✔ 最佳答案
Because you a sexual pervert, who believes it is Mother thumb and her four daughters, that are slapping Baldy around.
It was designed that way. Like the banana.
Seems like it was intelligently designed for 3 fingers
I wish someone would use this as a rebuttal to Ray Comfort using their own member and hand in a live debate.
So does my gun but it's not always beneficial to use it !
Because you have been peeing all your life.
Why, its as if it was DESIGNED just for that purpose, lmao!!!!
And why is your hand so closely placed to your member?

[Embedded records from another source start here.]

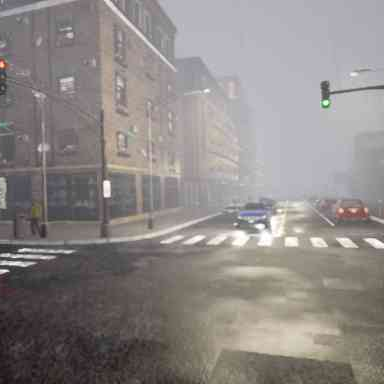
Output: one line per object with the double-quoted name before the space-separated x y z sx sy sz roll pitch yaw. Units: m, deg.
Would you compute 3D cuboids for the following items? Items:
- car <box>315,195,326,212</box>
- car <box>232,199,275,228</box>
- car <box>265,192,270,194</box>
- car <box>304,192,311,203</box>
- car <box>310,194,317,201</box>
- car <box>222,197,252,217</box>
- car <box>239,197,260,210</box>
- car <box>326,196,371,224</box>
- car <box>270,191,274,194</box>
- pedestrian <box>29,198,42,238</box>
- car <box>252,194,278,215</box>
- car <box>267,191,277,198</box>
"car" 13.476 1.207 32.711 1.802 1.307 4.206 -2 0 16
"car" 4.014 1.391 21.104 1.812 1.442 4.674 -1 0 16
"car" 11.854 1.178 56.764 1.752 1.417 4.829 -2 0 16
"car" 19.941 1.009 54.561 2.008 1.369 4.403 -2 0 16
"car" 15.092 1.133 38.174 2.008 1.369 4.403 -2 0 16
"car" 3.822 1.413 29.615 2.008 1.369 4.403 -2 0 16
"car" 7.055 1.327 40.540 2.008 1.369 4.403 -2 0 16
"car" 10.239 1.153 21.786 1.967 1.590 4.097 -2 0 16
"car" 15.132 1.012 67.852 1.967 1.590 4.097 -2 0 16
"pedestrian" -7.473 1.219 15.916 0.375 1.860 0.375 -1 0 16
"car" 6.977 1.276 31.025 2.128 1.511 4.902 -1 0 17
"car" 21.593 0.738 89.700 2.192 1.841 5.009 -2 0 16
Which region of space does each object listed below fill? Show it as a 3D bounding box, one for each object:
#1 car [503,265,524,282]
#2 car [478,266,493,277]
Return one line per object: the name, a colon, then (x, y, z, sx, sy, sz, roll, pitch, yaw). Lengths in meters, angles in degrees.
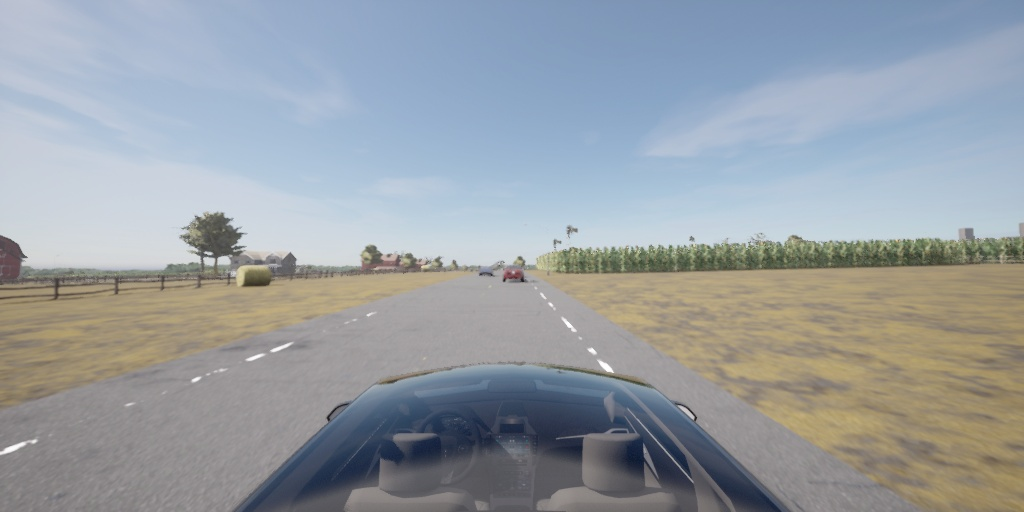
car: (0.130, 1.652, 36.321, 2.097, 1.767, 4.553, 0, -1, 0)
car: (-3.549, 2.132, 49.740, 2.033, 1.411, 5.357, 0, -1, 0)

Yours fit in my hands too.
LMAO!!! Nice Ray Comfort reference!
Strangely enough, some of the very same people who insist that, because many cultures around the world have stories of a great Flood, it proves that God just naturally wants us to believe the story of Noah...
are the same people who would NEVER think to insist that, because because many cultures around the world have hands that fit their members, it proves that God just naturally wants us to masturbate.
And where, exactly, does it say that masturbation is a sin? Personally, I think that seminal spray is how God put all the stars in the sky. (Its certainly easier than placing them by hand).
A gun fits well in your hands. It does not mean you can just shoot any one. You must be too proud of your member.
This is not a question for the R&S section. God is against this sort of thing.
I have wondered the same thing and, considering how flexible I am, about auto-fellatio. Clearly if god didn't intend this, he wouldn't have made us this way. It may even disprove evolution.
Mine fits in 2 fingers........ CHECKMATE!
Uhh, because you have abnormally small hands?
nothing wrong with a little some-something ;)
Because you have a small wiener.
thats an evolutionary adapation to stop the weak from copulating with real women
The same reason a banana fits so well in your hands! Got meant it that way.
Herp derp I'm Ray Comfort and I don't know that bananas actually didn't start out looking like they do now.